# Introduction

Since the increase in popularity of Deep Neural Networks (DNNs), there has been increased research in making machines capable of recognizing objects the same way humans do. Humans can recognize objects in ways that are invariant to scale, translation, and clutter. Crowding is visual effect suffered by humans, in which an object that can be recognized in isolation can no longer be recognized when other objects, called flankers, are placed close to it. This paper focuses on studying the impact of crowding on DNNs trained for object recognition by adding clutter to the images and then analyzing which models and settings suffer less from such effects.

The figure shows a visual example of crowding [3]. Keep your eyes still and look at the dot in the center and try to identify the "A" in the two circles. You should see that it is much easier to make out the "A" in the right than in the left circle. The same "A" exists in both circles, however, the left circle contains flankers which are those line segments.

Another common example to visualize the same:

### Drawbacks of CNNs

CNNs fall short in explaining human perceptual invariance. Firstly, CNNs typically take input at a single uniform resolution. Biological measurements suggest that resolution is not uniform across the human visual field, but rather decays with eccentricity, i.e. distance from the center of focus. The major cause of this issue is the pooling layer in CNN structure. The pooling is an efficient technique but loses important spatial information. Pooling is also not capable to capture the hierarchical structure in image, which is also crucial to view point problems. Even more importantly, CNNs rely not only on weight-sharing but also on data augmentation to achieve transformation invariance and so obviously a lot of processing is needed for CNNs.

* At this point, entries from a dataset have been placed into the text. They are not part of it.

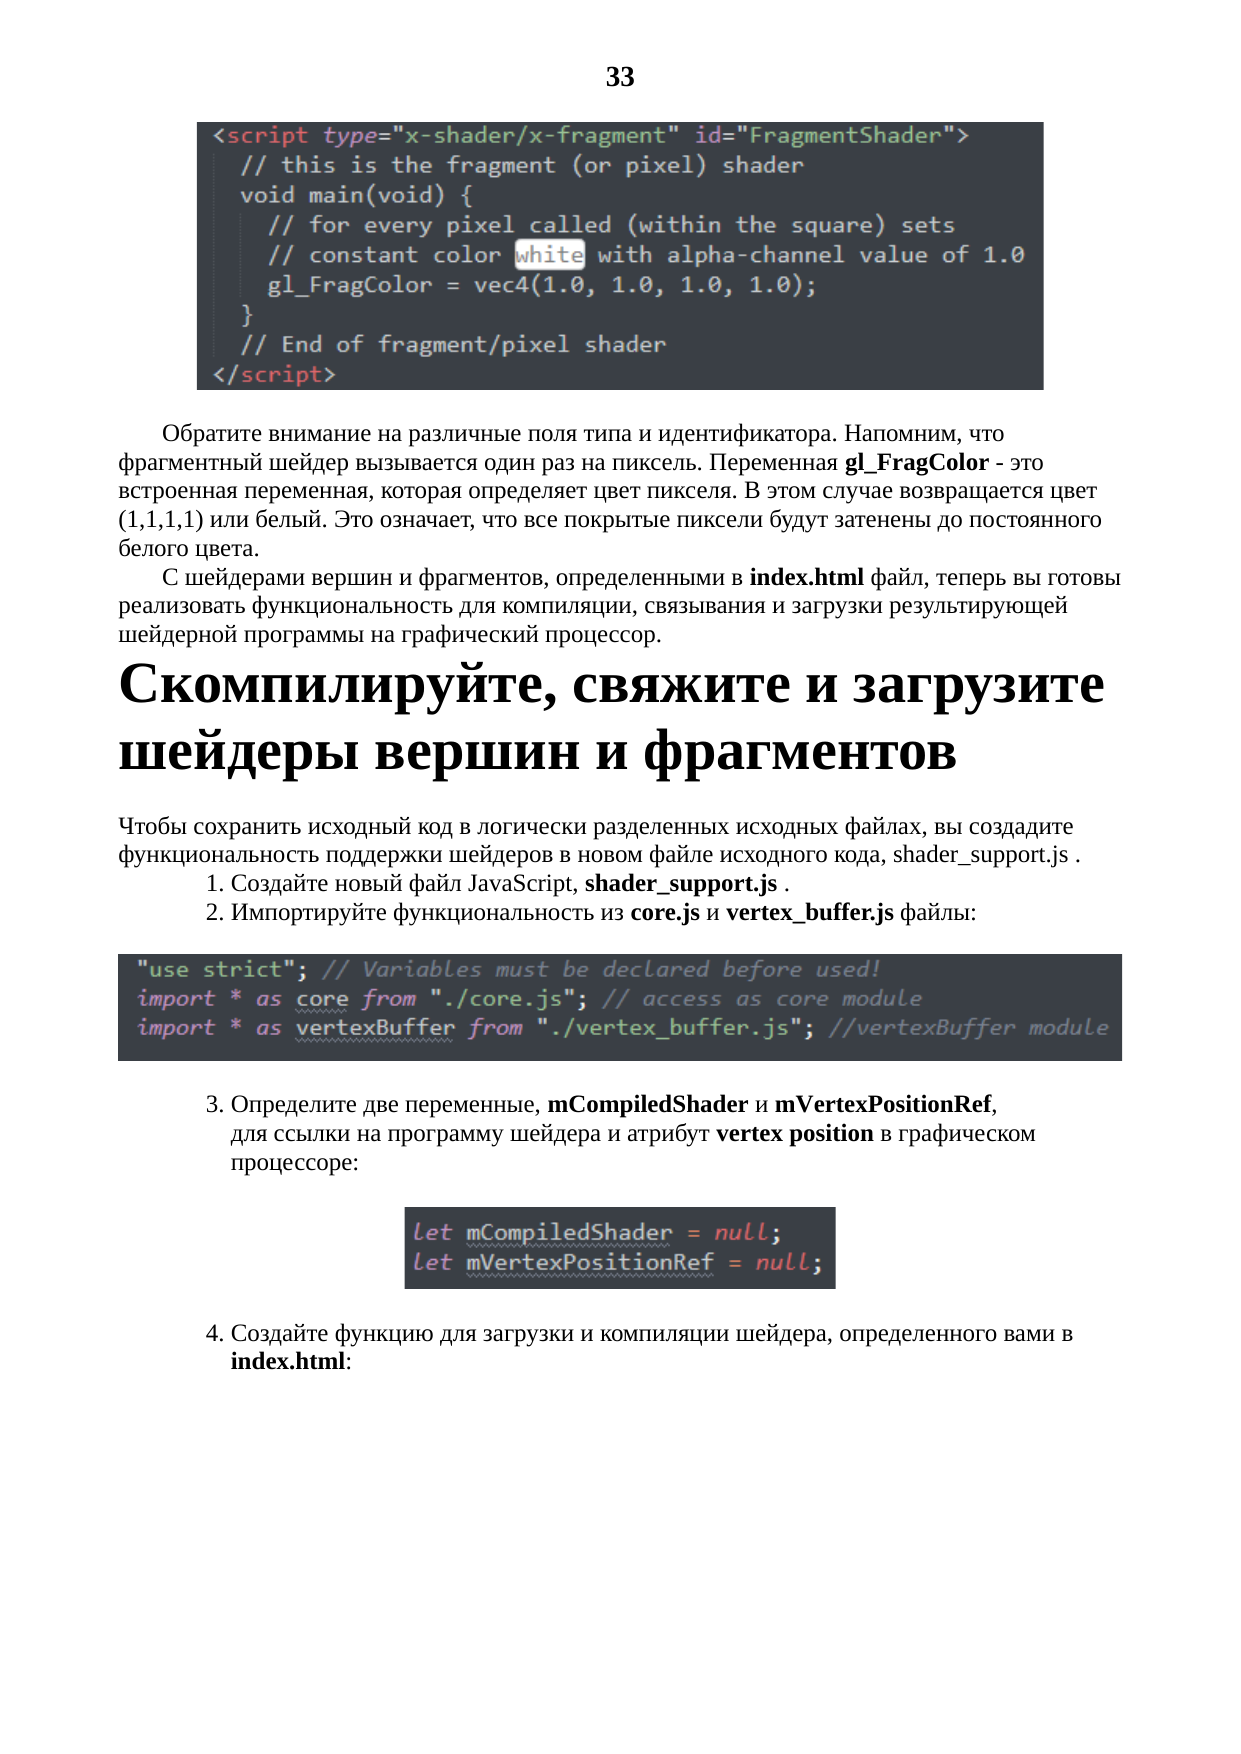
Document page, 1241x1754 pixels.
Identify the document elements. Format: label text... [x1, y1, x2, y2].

text для ссылки на программу шейдера и атрибут vertex position в графическом [118, 1118, 1122, 1147]
text 4. Создайте функцию для загрузки и компиляции шейдера, определенного вами в [118, 1318, 1122, 1346]
text С шейдерами вершин и фрагментов, определенными в index.html файл, теперь вы готовы реализовать функциональность для компиляции, связывания и загрузки результирующей шейдерной программы на графический процессор. [118, 562, 1122, 648]
picture [404, 1207, 836, 1289]
text функциональность поддержки шейдеров в новом файле исходного кода, shader_support.js . [118, 839, 1122, 868]
text 3. Определите две переменные, mCompiledShader и mVertexPositionRef, [118, 1089, 1122, 1118]
text Чтобы сохранить исходный код в логически разделенных исходных файлах, вы создадите [118, 811, 1122, 839]
picture [118, 954, 1123, 1061]
text index.html: [118, 1346, 1122, 1375]
text процессоре: [118, 1147, 1122, 1175]
text Скомпилируйте, свяжите и загрузите шейдеры вершин и фрагментов [118, 648, 1122, 782]
text Обратите внимание на различные поля типа и идентификатора. Напомним, что фрагментный шейдер вызывается один раз на пиксель. Переменная gl_FragColor - это встроенная переменная, которая определяет цвет пикселя. В этом случае возвращается цвет (1,1,1,1) или белый. Это означает, что все покрытые пиксели будут затенены до постоянного белого цвета. [118, 418, 1122, 562]
text 2. Импортируйте функциональность из core.js и vertex_buffer.js файлы: [118, 897, 1122, 926]
text 1. Создайте новый файл JavaScript, shader_support.js . [118, 868, 1122, 897]
picture [196, 122, 1044, 390]
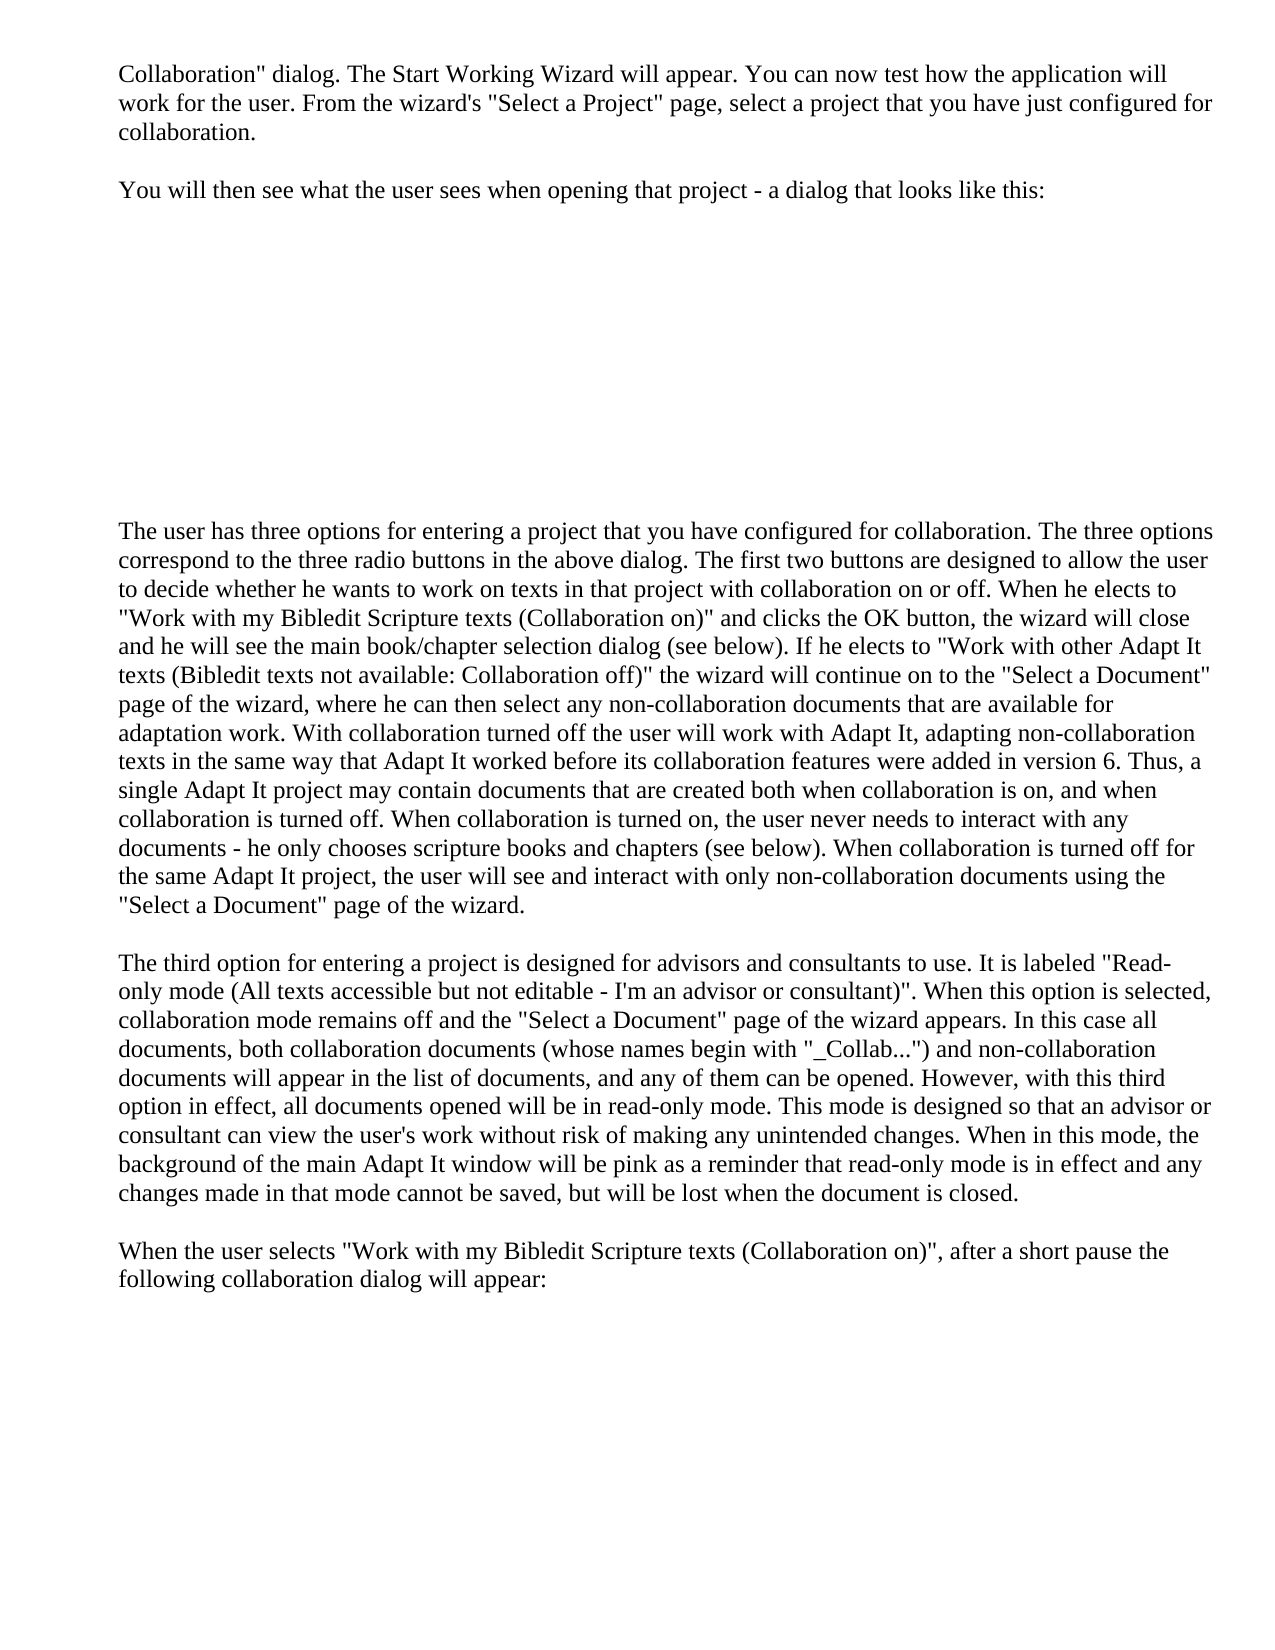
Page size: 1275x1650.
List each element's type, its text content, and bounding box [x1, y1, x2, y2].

text The user has three options for entering a project that you have configured for collaboration. The three options correspond to the three radio buttons in the above dialog. The first two buttons are designed to allow the user to decide whether he wants to work on texts in that project with collaboration on or off. When he elects to "Work with my Bibledit Scripture texts (Collaboration on)" and clicks the OK button, the wizard will close and he will see the main book/chapter selection dialog (see below). If he elects to "Work with other Adapt It texts (Bibledit texts not available: Collaboration off)" the wizard will continue on to the "Select a Document" page of the wizard, where he can then select any non-collaboration documents that are available for adaptation work. With collaboration turned off the user will work with Adapt It, adapting non-collaboration texts in the same way that Adapt It worked before its collaboration features were added in version 6. Thus, a single Adapt It project may contain documents that are created both when collaboration is on, and when collaboration is turned off. When collaboration is turned on, the user never needs to interact with any documents - he only chooses scripture books and chapters (see below). When collaboration is turned off for the same Adapt It project, the user will see and interact with only non-collaboration documents using the "Select a Document" page of the wizard. The third option for entering a project is designed for advisors and consultants to use. It is labeled "Read-only mode (All texts accessible but not editable - I'm an advisor or consultant)". When this option is selected, collaboration mode remains off and the "Select a Document" page of the wizard appears. In this case all documents, both collaboration documents (whose names begin with "_Collab...") and non-collaboration documents will appear in the list of documents, and any of them can be opened. However, with this third option in effect, all documents opened will be in read-only mode. This mode is designed so that an advisor or consultant can view the user's work without risk of making any unintended changes. When in this mode, the background of the main Adapt It window will be pink as a reminder that read-only mode is in effect and any changes made in that mode cannot be saved, but will be lost when the document is closed. [118, 516, 1216, 1206]
text When the user selects "Work with my Bibledit Scripture texts (Collaboration on)", after a short pause the following collaboration dialog will appear: [118, 1236, 1216, 1293]
text Collaboration" dialog. The Start Working Wizard will appear. You can now test how the application will work for the user. From the wizard's "Select a Project" page, select a project that you have just configured for collaboration. [118, 59, 1216, 145]
text You will then see what the user sees when opening that project - a dialog that looks like this: [118, 175, 1216, 203]
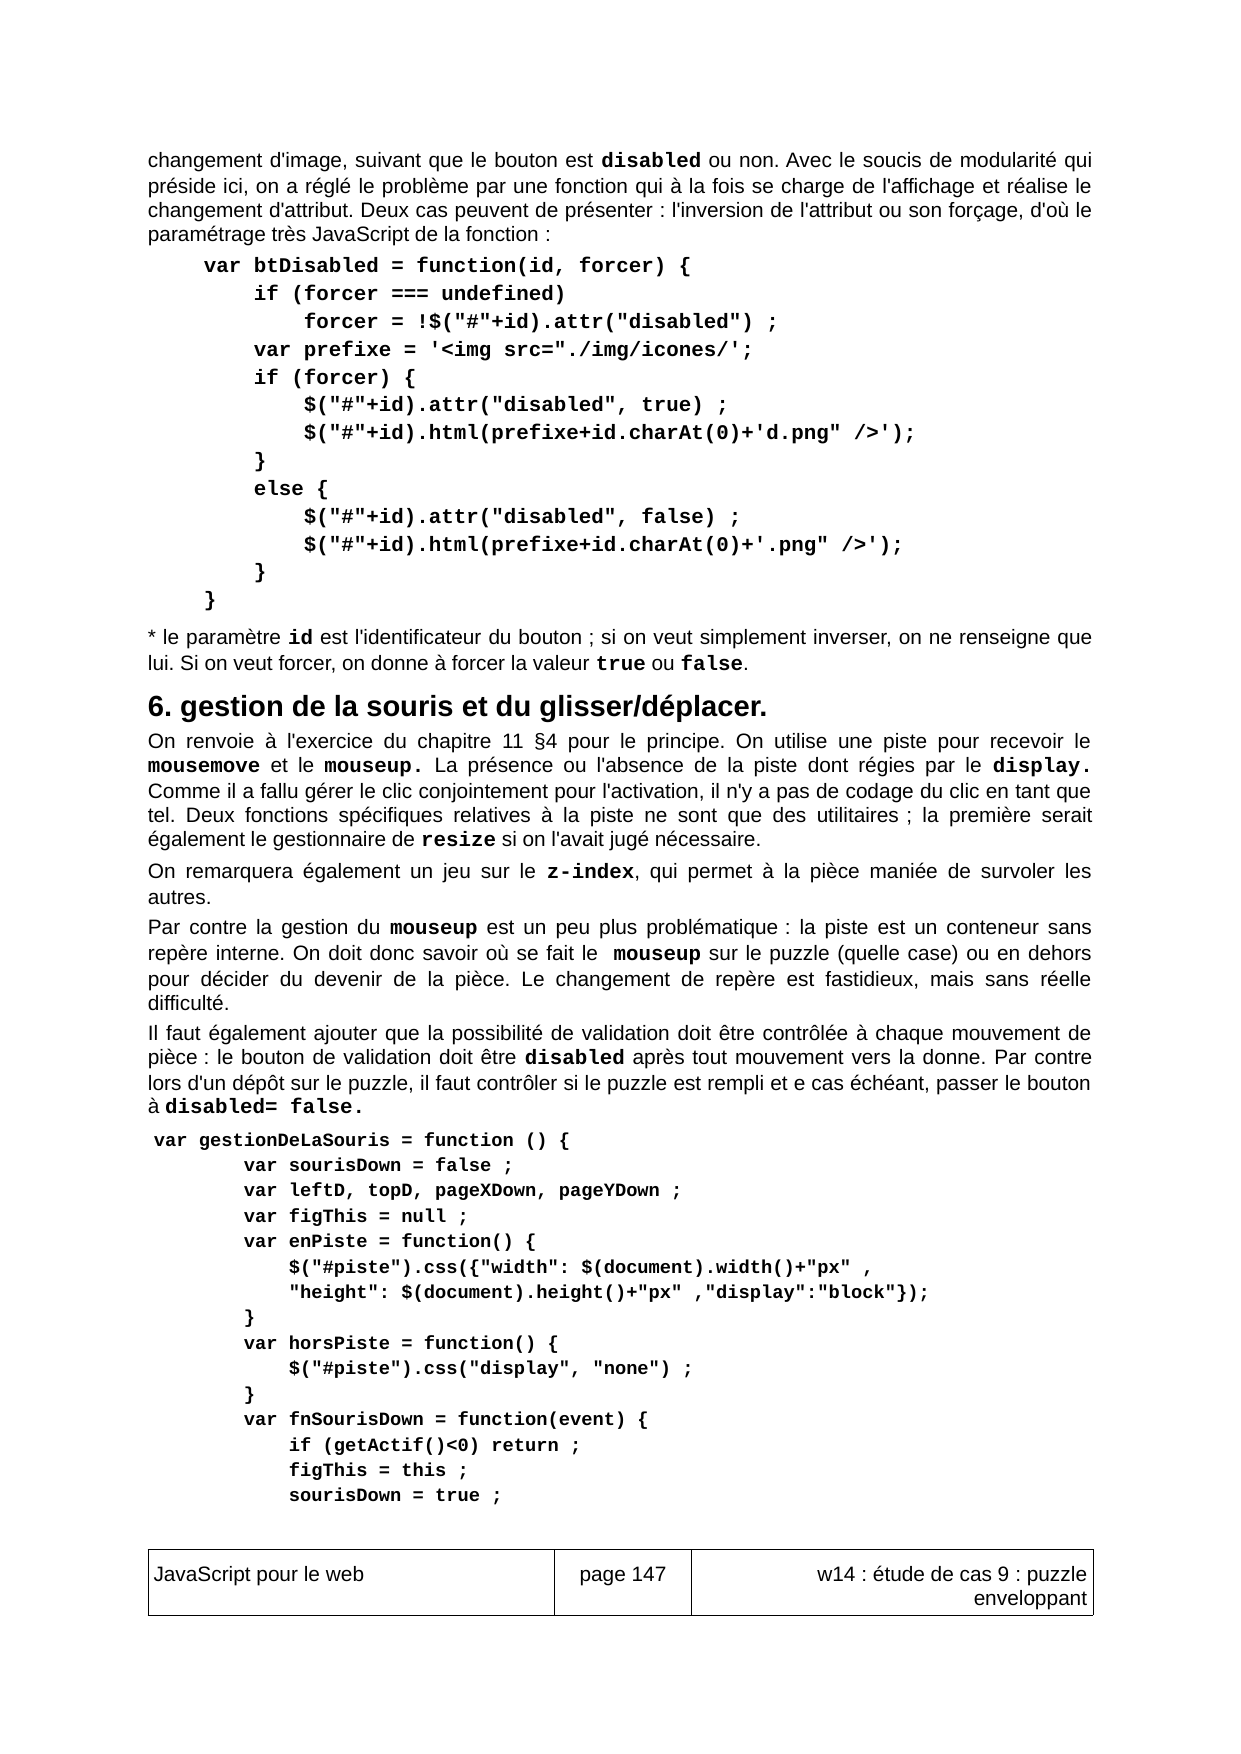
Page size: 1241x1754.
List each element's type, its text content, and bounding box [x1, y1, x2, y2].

text else { [148, 472, 1093, 500]
text $("#piste").css("display", "none") ; [148, 1353, 1093, 1378]
text changement d'image, suivant que le bouton est disabled ou non. Avec le soucis de modularité qui préside ici, on a réglé le problème par une fonction qui à la fois se charge de l'affichage et réalise le changement d'attribut. Deux cas peuvent de présenter : l'inversion de l'attribut ou son forçage, d'où le paramétrage très JavaScript de la fonction : [148, 148, 1093, 245]
text $("#"+id).html(prefixe+id.charAt(0)+'.png" />'); [148, 528, 1093, 555]
text if (forcer === undefined) [148, 277, 1093, 305]
text On renvoie à l'exercice du chapitre 11 §4 pour le principe. On utilise une piste pour recevoir le mousemove et le mouseup. La présence ou l'absence de la piste dont régies par le display. Comme il a fallu gérer le clic conjointement pour l'activation, il n'y a pas de codage du clic en tant que tel. Deux fonctions spécifiques relatives à la piste ne sont que des utilitaires ; la première serait également le gestionnaire de resize si on l'avait jugé nécessaire. [148, 729, 1093, 852]
text On remarquera également un jeu sur le z-index, qui permet à la pièce maniée de survoler les autres. [148, 859, 1093, 908]
text sourisDown = true ; [148, 1480, 1093, 1513]
text Par contre la gestion du mouseup est un peu plus problématique : la piste est un conteneur sans repère interne. On doit donc savoir où se fait le mouseup sur le puzzle (quelle case) ou en dehors pour décider du devenir de la pièce. Le changement de repère est fastidieux, mais sans réelle difficulté. [148, 915, 1093, 1014]
text $("#piste").css({"width": $(document).width()+"px" , [148, 1251, 1093, 1277]
text var leftD, topD, pageXDown, pageYDown ; [148, 1175, 1093, 1201]
text $("#"+id).attr("disabled", true) ; [148, 388, 1093, 416]
text } [148, 555, 1093, 583]
text if (getActif()<0) return ; [148, 1429, 1093, 1455]
text var enPiste = function() { [148, 1226, 1093, 1251]
text Il faut également ajouter que la possibilité de validation doit être contrôlée à chaque mouvement de pièce : le bouton de validation doit être disabled après tout mouvement vers la donne. Par contre lors d'un dépôt sur le puzzle, il faut contrôler si le puzzle est rempli et e cas échéant, passer le bouton à disabled= false. [148, 1021, 1093, 1120]
text $("#"+id).html(prefixe+id.charAt(0)+'d.png" />'); [148, 416, 1093, 444]
text figThis = this ; [148, 1455, 1093, 1480]
text var figThis = null ; [148, 1201, 1093, 1226]
text var sourisDown = false ; [148, 1150, 1093, 1175]
text $("#"+id).attr("disabled", false) ; [148, 500, 1093, 528]
text } [148, 444, 1093, 472]
text var btDisabled = function(id, forcer) { [148, 249, 1093, 277]
subtitle 6. gestion de la souris et du glisser/déplacer. [148, 689, 1093, 723]
text } [148, 1302, 1093, 1328]
text * le paramètre id est l'identificateur du bouton ; si on veut simplement inverser, on ne renseigne que lui. Si on veut forcer, on donne à forcer la valeur true ou false. [148, 625, 1093, 677]
text "height": $(document).height()+"px" ,"display":"block"}); [148, 1277, 1093, 1302]
text forcer = !$("#"+id).attr("disabled") ; [148, 305, 1093, 333]
text var prefixe = '<img src="./img/icones/'; [148, 333, 1093, 361]
text var gestionDeLaSouris = function () { [148, 1124, 1093, 1150]
text } [148, 583, 1093, 619]
text var horsPiste = function() { [148, 1328, 1093, 1353]
text } [148, 1378, 1093, 1404]
text if (forcer) { [148, 361, 1093, 388]
text var fnSourisDown = function(event) { [148, 1404, 1093, 1429]

The paper investigates two types of DNNs for crowding: traditional deep convolutional neural networks (DCNN) and a multi-scale eccentricity-dependent model which is an extension of the DCNNs and inspired by the retina where the receptive field size of the convolutional filters in the model grows with increasing distance from the center of the image, called the eccentricity and is explained below. The authors focus on the dependence of crowding on image factors, such as flanker configuration, target-flanker similarity, target eccentricity and premature pooling in particular. Along with that, there is major emphasis on reducing the training time of the networks since the motive is to have a simple network capable of learning space-invariant features.

# Models

The authors describe two kinds of DNN architectures: Deep Convolutional Neural Networks, and eccentricity dependent networks, with varying pooling strategies across space and scale. Of particular note is the pooling operation, as many researchers have suggested that this may be the cause of crowding in human perception.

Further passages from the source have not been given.